((
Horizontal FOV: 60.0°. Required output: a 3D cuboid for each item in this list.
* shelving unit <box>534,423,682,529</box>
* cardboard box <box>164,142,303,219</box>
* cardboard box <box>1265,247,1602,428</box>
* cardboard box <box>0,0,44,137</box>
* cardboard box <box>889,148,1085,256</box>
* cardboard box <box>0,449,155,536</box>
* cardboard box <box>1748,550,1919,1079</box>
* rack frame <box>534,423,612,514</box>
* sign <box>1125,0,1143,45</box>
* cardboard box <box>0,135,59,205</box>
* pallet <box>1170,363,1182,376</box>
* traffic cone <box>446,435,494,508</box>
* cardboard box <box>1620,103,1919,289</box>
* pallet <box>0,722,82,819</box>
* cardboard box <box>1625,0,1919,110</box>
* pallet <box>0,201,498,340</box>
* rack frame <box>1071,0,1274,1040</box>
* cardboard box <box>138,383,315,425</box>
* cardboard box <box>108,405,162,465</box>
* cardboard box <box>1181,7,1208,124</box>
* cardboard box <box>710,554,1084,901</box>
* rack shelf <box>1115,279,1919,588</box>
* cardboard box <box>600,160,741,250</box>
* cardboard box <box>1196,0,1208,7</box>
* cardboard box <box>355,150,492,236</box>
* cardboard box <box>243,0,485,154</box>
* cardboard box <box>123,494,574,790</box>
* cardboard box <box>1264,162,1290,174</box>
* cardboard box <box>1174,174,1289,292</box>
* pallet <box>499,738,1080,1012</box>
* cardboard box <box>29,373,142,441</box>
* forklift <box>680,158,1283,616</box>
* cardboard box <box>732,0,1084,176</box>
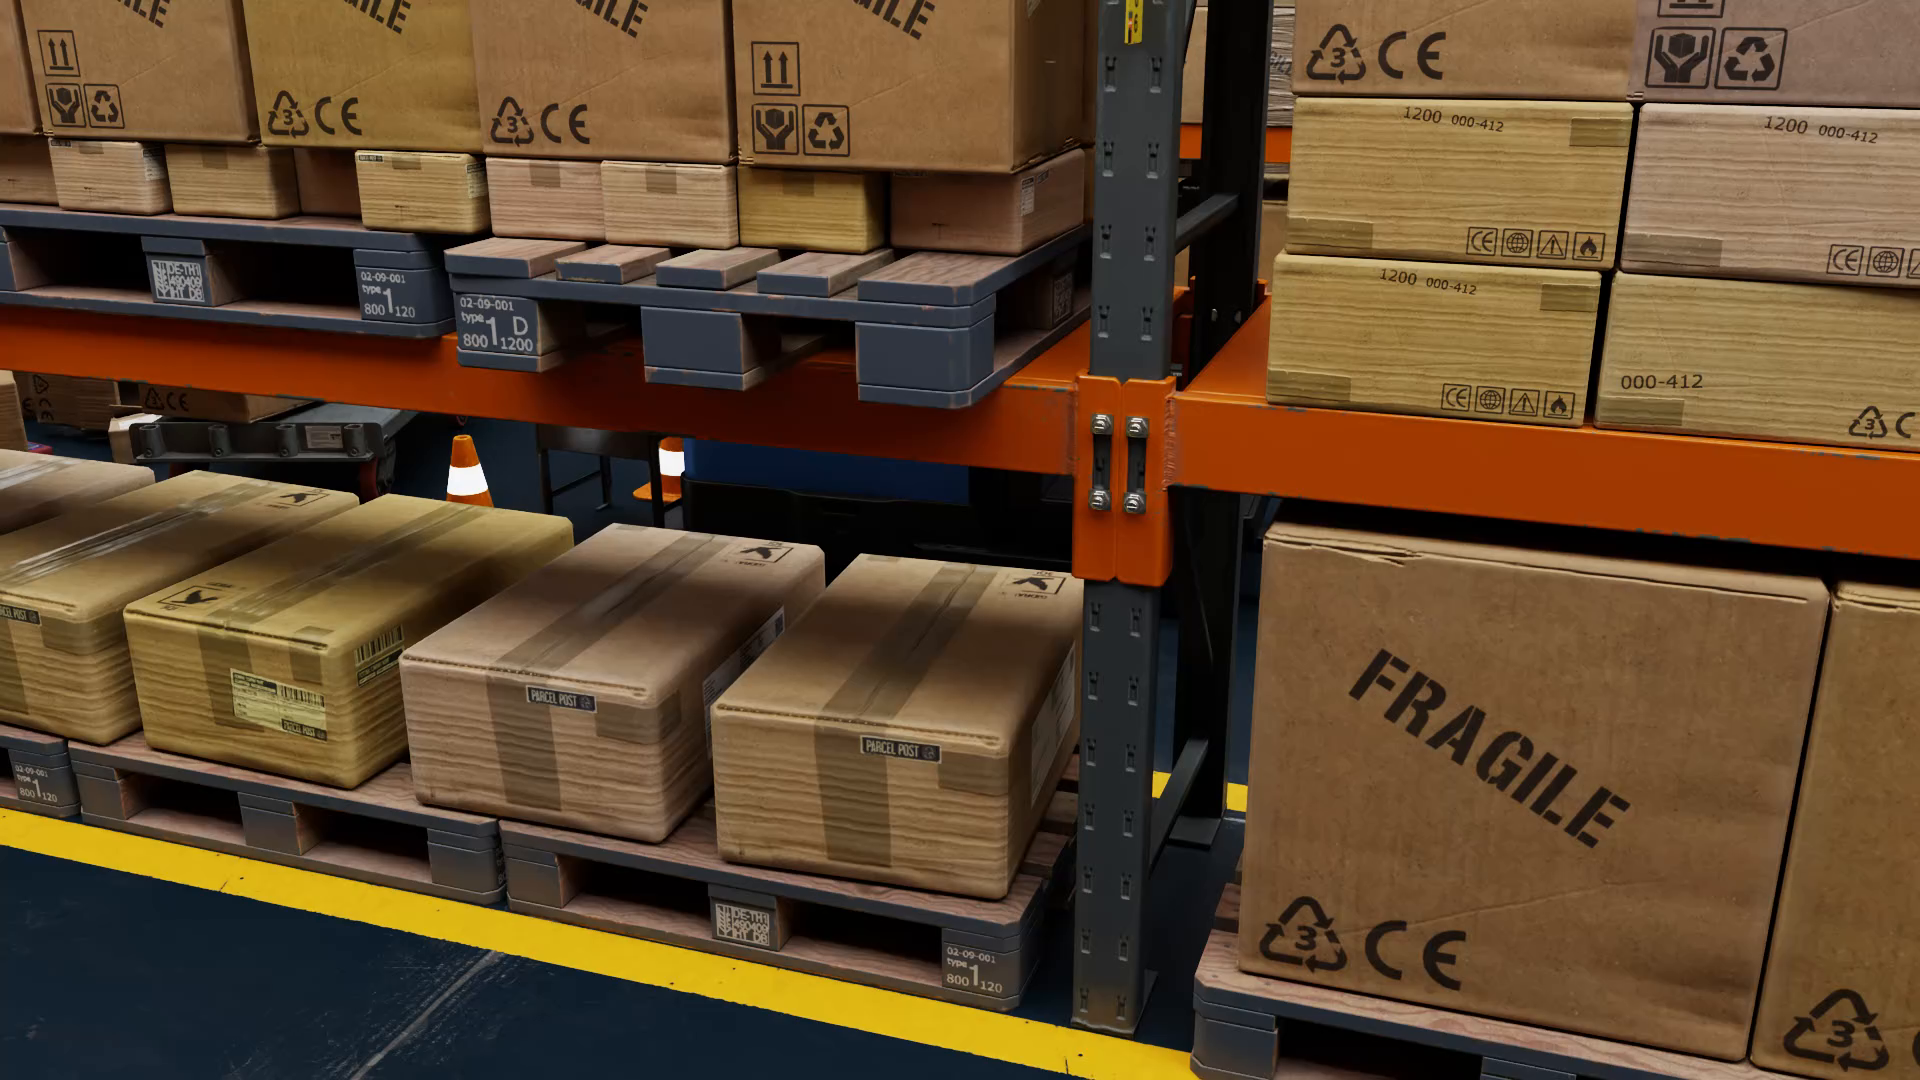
[{"bbox_3d":[-1.230,-1.037,5.848,0.503,2.100,0.431,7,21,22],"label":"shelving unit"},{"bbox_3d":[-1.433,-0.782,3.507,0.250,0.149,0.380,6,20,16],"label":"cardboard box"},{"bbox_3d":[0.823,-0.396,2.882,0.500,0.250,0.500,6,20,17],"label":"cardboard box"},{"bbox_3d":[-2.050,-1.164,3.617,0.500,0.500,0.500,6,20,18],"label":"cardboard box"},{"bbox_3d":[0.057,-0.640,3.098,0.250,0.149,0.380,7,21,20],"label":"cardboard box"},{"bbox_3d":[-2.839,0.069,4.676,0.625,0.372,0.950,7,20,19],"label":"cardboard box"},{"bbox_3d":[1.910,0.405,2.946,0.875,0.875,0.875,7,20,19],"label":"cardboard box"},{"bbox_3d":[-1.453,-1.066,5.941,0.015,2.100,0.400,7,21,22],"label":"rack frame"},{"bbox_3d":[0.274,-0.937,2.569,0.005,0.325,0.100,7,20,18],"label":"sign"},{"bbox_3d":[-1.929,-0.847,3.692,0.250,0.149,0.380,7,20,18],"label":"cardboard box"},{"bbox_3d":[1.252,-0.940,8.451,1.213,0.211,1.003,7,20,18],"label":"pallet"},{"bbox_3d":[-1.704,-0.133,5.755,0.334,0.463,0.336,7,20,18],"label":"traffic cone"},{"bbox_3d":[1.329,-0.575,2.638,0.500,0.250,0.500,7,20,19],"label":"cardboard box"},{"bbox_3d":[-2.599,0.371,4.692,1.213,0.211,1.003,7,20,18],"label":"pallet"},{"bbox_3d":[1.301,-0.937,2.537,0.500,0.500,0.500,7,20,18],"label":"cardboard box"},{"bbox_3d":[-1.440,-0.708,3.842,1.213,0.211,1.003,7,20,18],"label":"pallet"},{"bbox_3d":[0.443,-0.598,3.234,0.127,3.000,1.000,7,20,18],"label":"rack frame"},{"bbox_3d":[-2.779,-0.764,6.357,0.500,0.500,0.500,7,20,18],"label":"cardboard box"},{"bbox_3d":[-3.400,-0.494,7.090,0.396,0.266,0.258,-7,20,-20],"label":"cardboard box"},{"bbox_3d":[0.988,-2.214,7.720,0.500,0.500,0.500,7,20,18],"label":"cardboard box"},{"bbox_3d":[-0.087,0.381,3.781,0.625,0.372,0.950,5,20,14],"label":"cardboard box"},{"bbox_3d":[2.333,-0.042,2.732,4.000,0.370,1.077,7,20,18],"label":"rack shelf"},{"bbox_3d":[-0.473,-0.659,3.154,0.250,0.149,0.380,6,20,18],"label":"cardboard box"},{"bbox_3d":[1.073,-2.773,7.803,0.500,0.500,0.700,6,20,17],"label":"cardboard box"},{"bbox_3d":[-0.973,-0.714,3.312,0.250,0.149,0.380,7,20,19],"label":"cardboard box"},{"bbox_3d":[-1.046,-1.053,3.298,0.500,0.500,0.500,5,20,14],"label":"cardboard box"},{"bbox_3d":[-1.501,0.220,4.243,0.625,0.372,0.950,7,20,20],"label":"cardboard box"},{"bbox_3d":[2.528,-2.828,12.763,0.500,0.500,0.700,5,20,14],"label":"cardboard box"},{"bbox_3d":[1.427,-1.377,8.250,0.750,0.750,1.050,6,20,17],"label":"cardboard box"},{"bbox_3d":[-0.294,0.634,3.936,1.213,0.211,1.003,7,20,18],"label":"pallet"},{"bbox_3d":[-3.737,-0.846,7.533,0.503,0.637,0.797,7,20,18],"label":"cardboard box"},{"bbox_3d":[0.602,-1.328,5.432,3.031,2.935,1.130,5,20,15],"label":"forklift"},{"bbox_3d":[-0.077,-0.946,2.992,0.500,0.500,0.500,6,20,16],"label":"cardboard box"}]
))
Work order: In your answer, print the entries above exactly, with the pictures left out.

Answer to this exercise:
Horizontal FOV: 60.0°. Required output: a 3D cuboid for each item in this list.
* shelving unit <box>534,423,682,529</box>
* cardboard box <box>164,142,303,219</box>
* cardboard box <box>1265,247,1602,428</box>
* cardboard box <box>0,0,44,137</box>
* cardboard box <box>889,148,1085,256</box>
* cardboard box <box>0,449,155,536</box>
* cardboard box <box>1748,550,1919,1079</box>
* rack frame <box>534,423,612,514</box>
* sign <box>1125,0,1143,45</box>
* cardboard box <box>0,135,59,205</box>
* pallet <box>1170,363,1182,376</box>
* traffic cone <box>446,435,494,508</box>
* cardboard box <box>1620,103,1919,289</box>
* pallet <box>0,722,82,819</box>
* cardboard box <box>1625,0,1919,110</box>
* pallet <box>0,201,498,340</box>
* rack frame <box>1071,0,1274,1040</box>
* cardboard box <box>138,383,315,425</box>
* cardboard box <box>108,405,162,465</box>
* cardboard box <box>1181,7,1208,124</box>
* cardboard box <box>710,554,1084,901</box>
* rack shelf <box>1115,279,1919,588</box>
* cardboard box <box>600,160,741,250</box>
* cardboard box <box>1196,0,1208,7</box>
* cardboard box <box>355,150,492,236</box>
* cardboard box <box>243,0,485,154</box>
* cardboard box <box>123,494,574,790</box>
* cardboard box <box>1264,162,1290,174</box>
* cardboard box <box>1174,174,1289,292</box>
* pallet <box>499,738,1080,1012</box>
* cardboard box <box>29,373,142,441</box>
* forklift <box>680,158,1283,616</box>
* cardboard box <box>732,0,1084,176</box>
[{"bbox_3d":[-1.230,-1.037,5.848,0.503,2.100,0.431,7,21,22],"label":"shelving unit"},{"bbox_3d":[-1.433,-0.782,3.507,0.250,0.149,0.380,6,20,16],"label":"cardboard box"},{"bbox_3d":[0.823,-0.396,2.882,0.500,0.250,0.500,6,20,17],"label":"cardboard box"},{"bbox_3d":[-2.050,-1.164,3.617,0.500,0.500,0.500,6,20,18],"label":"cardboard box"},{"bbox_3d":[0.057,-0.640,3.098,0.250,0.149,0.380,7,21,20],"label":"cardboard box"},{"bbox_3d":[-2.839,0.069,4.676,0.625,0.372,0.950,7,20,19],"label":"cardboard box"},{"bbox_3d":[1.910,0.405,2.946,0.875,0.875,0.875,7,20,19],"label":"cardboard box"},{"bbox_3d":[-1.453,-1.066,5.941,0.015,2.100,0.400,7,21,22],"label":"rack frame"},{"bbox_3d":[0.274,-0.937,2.569,0.005,0.325,0.100,7,20,18],"label":"sign"},{"bbox_3d":[-1.929,-0.847,3.692,0.250,0.149,0.380,7,20,18],"label":"cardboard box"},{"bbox_3d":[1.252,-0.940,8.451,1.213,0.211,1.003,7,20,18],"label":"pallet"},{"bbox_3d":[-1.704,-0.133,5.755,0.334,0.463,0.336,7,20,18],"label":"traffic cone"},{"bbox_3d":[1.329,-0.575,2.638,0.500,0.250,0.500,7,20,19],"label":"cardboard box"},{"bbox_3d":[-2.599,0.371,4.692,1.213,0.211,1.003,7,20,18],"label":"pallet"},{"bbox_3d":[1.301,-0.937,2.537,0.500,0.500,0.500,7,20,18],"label":"cardboard box"},{"bbox_3d":[-1.440,-0.708,3.842,1.213,0.211,1.003,7,20,18],"label":"pallet"},{"bbox_3d":[0.443,-0.598,3.234,0.127,3.000,1.000,7,20,18],"label":"rack frame"},{"bbox_3d":[-2.779,-0.764,6.357,0.500,0.500,0.500,7,20,18],"label":"cardboard box"},{"bbox_3d":[-3.400,-0.494,7.090,0.396,0.266,0.258,-7,20,-20],"label":"cardboard box"},{"bbox_3d":[0.988,-2.214,7.720,0.500,0.500,0.500,7,20,18],"label":"cardboard box"},{"bbox_3d":[-0.087,0.381,3.781,0.625,0.372,0.950,5,20,14],"label":"cardboard box"},{"bbox_3d":[2.333,-0.042,2.732,4.000,0.370,1.077,7,20,18],"label":"rack shelf"},{"bbox_3d":[-0.473,-0.659,3.154,0.250,0.149,0.380,6,20,18],"label":"cardboard box"},{"bbox_3d":[1.073,-2.773,7.803,0.500,0.500,0.700,6,20,17],"label":"cardboard box"},{"bbox_3d":[-0.973,-0.714,3.312,0.250,0.149,0.380,7,20,19],"label":"cardboard box"},{"bbox_3d":[-1.046,-1.053,3.298,0.500,0.500,0.500,5,20,14],"label":"cardboard box"},{"bbox_3d":[-1.501,0.220,4.243,0.625,0.372,0.950,7,20,20],"label":"cardboard box"},{"bbox_3d":[2.528,-2.828,12.763,0.500,0.500,0.700,5,20,14],"label":"cardboard box"},{"bbox_3d":[1.427,-1.377,8.250,0.750,0.750,1.050,6,20,17],"label":"cardboard box"},{"bbox_3d":[-0.294,0.634,3.936,1.213,0.211,1.003,7,20,18],"label":"pallet"},{"bbox_3d":[-3.737,-0.846,7.533,0.503,0.637,0.797,7,20,18],"label":"cardboard box"},{"bbox_3d":[0.602,-1.328,5.432,3.031,2.935,1.130,5,20,15],"label":"forklift"},{"bbox_3d":[-0.077,-0.946,2.992,0.500,0.500,0.500,6,20,16],"label":"cardboard box"}]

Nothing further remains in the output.